WHAT IS BEING ASKED: Go over the records and count each line that has the string "want". Give the number and nothing else.

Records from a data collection
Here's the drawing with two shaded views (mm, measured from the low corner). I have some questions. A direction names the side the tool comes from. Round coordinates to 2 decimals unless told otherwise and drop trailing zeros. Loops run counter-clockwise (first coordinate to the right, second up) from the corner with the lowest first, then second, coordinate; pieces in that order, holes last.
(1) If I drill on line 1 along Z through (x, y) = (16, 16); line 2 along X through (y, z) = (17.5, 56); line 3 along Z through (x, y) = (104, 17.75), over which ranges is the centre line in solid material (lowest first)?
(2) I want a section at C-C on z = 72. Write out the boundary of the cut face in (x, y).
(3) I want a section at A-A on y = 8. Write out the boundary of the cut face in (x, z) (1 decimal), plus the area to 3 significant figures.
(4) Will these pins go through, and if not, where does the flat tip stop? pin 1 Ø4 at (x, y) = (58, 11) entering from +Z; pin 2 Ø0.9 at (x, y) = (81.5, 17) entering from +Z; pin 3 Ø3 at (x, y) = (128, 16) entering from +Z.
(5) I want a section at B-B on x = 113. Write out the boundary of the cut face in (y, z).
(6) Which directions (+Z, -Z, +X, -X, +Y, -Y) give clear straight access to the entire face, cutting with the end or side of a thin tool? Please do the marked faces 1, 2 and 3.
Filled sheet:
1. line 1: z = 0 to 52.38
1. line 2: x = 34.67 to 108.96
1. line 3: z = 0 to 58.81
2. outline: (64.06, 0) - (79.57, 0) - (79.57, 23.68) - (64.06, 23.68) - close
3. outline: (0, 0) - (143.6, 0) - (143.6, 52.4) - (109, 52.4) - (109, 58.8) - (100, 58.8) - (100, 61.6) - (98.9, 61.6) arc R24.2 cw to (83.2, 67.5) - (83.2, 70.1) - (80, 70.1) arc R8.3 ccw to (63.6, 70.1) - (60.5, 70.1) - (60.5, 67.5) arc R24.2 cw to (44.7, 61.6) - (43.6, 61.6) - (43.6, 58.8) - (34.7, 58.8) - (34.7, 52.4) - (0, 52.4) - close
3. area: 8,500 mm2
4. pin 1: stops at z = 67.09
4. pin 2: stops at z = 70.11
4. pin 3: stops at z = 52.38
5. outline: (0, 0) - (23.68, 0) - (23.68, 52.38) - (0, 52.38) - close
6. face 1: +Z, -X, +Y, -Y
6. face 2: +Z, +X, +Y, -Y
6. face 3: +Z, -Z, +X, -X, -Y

---

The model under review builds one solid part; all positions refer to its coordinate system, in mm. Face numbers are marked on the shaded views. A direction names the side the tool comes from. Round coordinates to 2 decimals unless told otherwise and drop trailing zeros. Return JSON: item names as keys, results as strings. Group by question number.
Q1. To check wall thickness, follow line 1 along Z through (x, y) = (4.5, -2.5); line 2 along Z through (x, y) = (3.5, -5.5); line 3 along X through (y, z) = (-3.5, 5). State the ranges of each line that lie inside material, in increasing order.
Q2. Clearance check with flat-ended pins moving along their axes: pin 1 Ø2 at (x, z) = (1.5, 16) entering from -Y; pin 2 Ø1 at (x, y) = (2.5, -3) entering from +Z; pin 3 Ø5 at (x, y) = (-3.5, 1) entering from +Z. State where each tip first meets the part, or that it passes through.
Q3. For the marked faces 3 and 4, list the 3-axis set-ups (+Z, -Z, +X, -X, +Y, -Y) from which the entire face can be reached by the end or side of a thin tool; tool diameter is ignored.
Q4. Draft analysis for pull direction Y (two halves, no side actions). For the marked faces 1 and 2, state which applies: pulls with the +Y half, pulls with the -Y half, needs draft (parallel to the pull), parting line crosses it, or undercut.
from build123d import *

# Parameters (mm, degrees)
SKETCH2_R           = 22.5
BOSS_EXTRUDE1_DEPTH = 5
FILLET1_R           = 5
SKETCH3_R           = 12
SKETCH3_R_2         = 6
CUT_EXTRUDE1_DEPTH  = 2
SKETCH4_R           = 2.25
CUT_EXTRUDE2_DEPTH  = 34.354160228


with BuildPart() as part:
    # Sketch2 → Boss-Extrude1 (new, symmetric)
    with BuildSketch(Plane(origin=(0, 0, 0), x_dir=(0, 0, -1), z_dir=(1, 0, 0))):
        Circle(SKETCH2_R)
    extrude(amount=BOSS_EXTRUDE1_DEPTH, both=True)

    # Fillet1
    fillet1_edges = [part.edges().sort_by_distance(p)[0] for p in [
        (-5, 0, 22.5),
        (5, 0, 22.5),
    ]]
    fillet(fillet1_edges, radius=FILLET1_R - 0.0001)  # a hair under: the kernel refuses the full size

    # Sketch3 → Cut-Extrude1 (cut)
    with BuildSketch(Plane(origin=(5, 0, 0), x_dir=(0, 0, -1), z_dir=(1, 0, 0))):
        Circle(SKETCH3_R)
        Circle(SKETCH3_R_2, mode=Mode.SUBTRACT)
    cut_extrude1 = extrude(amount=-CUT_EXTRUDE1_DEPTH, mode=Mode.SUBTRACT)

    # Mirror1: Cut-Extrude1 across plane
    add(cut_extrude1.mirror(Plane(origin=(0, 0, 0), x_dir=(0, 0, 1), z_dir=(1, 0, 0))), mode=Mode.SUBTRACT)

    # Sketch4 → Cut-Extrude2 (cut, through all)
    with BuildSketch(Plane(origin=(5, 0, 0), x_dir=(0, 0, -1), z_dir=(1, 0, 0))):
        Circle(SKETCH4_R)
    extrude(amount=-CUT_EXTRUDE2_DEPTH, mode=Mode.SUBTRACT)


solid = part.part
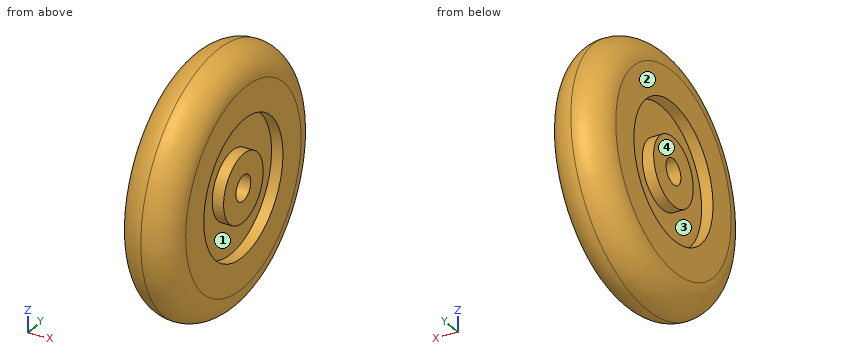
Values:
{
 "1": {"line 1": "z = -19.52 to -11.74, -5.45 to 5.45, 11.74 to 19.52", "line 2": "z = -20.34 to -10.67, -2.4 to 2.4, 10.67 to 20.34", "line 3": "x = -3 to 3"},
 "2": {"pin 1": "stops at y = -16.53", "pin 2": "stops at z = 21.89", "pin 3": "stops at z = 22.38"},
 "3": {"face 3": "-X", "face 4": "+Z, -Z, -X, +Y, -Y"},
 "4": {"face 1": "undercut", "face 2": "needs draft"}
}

...

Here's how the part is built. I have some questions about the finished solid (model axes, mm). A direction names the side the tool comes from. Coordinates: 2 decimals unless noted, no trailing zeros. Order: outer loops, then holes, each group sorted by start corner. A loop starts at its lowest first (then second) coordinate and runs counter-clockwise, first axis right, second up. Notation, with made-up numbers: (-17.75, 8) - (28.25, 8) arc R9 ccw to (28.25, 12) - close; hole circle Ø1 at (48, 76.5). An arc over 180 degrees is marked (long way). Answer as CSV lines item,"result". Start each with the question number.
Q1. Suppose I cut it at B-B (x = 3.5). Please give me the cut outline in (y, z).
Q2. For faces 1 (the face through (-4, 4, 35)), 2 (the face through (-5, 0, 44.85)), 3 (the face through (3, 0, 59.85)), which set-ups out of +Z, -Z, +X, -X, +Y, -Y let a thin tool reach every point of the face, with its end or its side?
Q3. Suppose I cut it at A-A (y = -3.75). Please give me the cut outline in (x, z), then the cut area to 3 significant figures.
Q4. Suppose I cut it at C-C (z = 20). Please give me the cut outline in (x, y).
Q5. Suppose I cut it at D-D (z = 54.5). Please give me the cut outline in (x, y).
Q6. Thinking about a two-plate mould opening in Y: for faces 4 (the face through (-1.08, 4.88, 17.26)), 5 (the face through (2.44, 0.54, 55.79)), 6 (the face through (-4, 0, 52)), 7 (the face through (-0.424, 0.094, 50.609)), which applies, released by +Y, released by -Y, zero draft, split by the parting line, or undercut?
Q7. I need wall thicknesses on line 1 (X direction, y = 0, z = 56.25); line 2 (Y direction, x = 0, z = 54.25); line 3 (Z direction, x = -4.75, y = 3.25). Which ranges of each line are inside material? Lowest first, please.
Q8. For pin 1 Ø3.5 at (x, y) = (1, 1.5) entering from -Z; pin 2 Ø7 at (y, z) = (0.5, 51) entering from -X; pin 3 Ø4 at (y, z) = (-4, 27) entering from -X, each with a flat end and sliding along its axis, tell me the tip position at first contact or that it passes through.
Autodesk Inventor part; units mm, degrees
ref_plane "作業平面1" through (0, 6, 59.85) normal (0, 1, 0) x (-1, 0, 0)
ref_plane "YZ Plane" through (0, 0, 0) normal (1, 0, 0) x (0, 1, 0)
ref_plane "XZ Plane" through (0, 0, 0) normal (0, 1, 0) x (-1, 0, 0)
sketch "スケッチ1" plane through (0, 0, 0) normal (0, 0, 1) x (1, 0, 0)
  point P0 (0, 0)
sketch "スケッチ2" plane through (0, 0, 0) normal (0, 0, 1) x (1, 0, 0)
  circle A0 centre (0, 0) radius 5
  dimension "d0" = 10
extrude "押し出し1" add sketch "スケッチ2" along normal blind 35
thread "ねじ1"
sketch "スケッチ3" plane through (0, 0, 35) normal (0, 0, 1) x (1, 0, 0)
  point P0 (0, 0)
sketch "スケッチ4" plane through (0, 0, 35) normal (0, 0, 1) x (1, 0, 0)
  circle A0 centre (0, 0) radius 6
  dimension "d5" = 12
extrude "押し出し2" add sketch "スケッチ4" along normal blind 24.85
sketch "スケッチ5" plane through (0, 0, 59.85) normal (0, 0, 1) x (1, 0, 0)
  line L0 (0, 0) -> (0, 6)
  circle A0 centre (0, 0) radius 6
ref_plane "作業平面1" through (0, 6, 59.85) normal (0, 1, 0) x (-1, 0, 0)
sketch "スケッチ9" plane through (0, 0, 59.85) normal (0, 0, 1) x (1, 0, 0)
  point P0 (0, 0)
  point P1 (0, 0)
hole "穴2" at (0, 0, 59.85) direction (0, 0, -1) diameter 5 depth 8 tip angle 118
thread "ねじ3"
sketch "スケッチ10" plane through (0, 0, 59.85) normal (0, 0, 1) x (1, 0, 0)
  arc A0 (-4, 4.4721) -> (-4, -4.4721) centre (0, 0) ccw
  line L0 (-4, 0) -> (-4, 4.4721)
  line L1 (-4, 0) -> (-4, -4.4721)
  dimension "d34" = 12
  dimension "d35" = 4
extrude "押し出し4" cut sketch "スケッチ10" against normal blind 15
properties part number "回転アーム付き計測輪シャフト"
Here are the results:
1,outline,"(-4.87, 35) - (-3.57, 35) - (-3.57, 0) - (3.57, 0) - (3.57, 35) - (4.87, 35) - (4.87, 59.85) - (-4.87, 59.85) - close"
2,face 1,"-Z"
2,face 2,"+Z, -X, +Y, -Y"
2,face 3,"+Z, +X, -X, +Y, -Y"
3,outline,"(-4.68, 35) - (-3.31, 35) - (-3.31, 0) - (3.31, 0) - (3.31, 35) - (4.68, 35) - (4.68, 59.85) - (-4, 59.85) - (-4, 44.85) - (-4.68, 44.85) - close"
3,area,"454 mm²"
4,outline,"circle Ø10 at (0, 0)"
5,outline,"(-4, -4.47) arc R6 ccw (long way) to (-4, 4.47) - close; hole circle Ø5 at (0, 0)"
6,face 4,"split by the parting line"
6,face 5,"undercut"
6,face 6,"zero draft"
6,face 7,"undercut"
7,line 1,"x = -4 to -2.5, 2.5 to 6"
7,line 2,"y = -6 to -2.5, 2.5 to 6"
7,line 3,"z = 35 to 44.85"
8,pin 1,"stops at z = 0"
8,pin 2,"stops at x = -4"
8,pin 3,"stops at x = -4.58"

ANSWER BOX: 3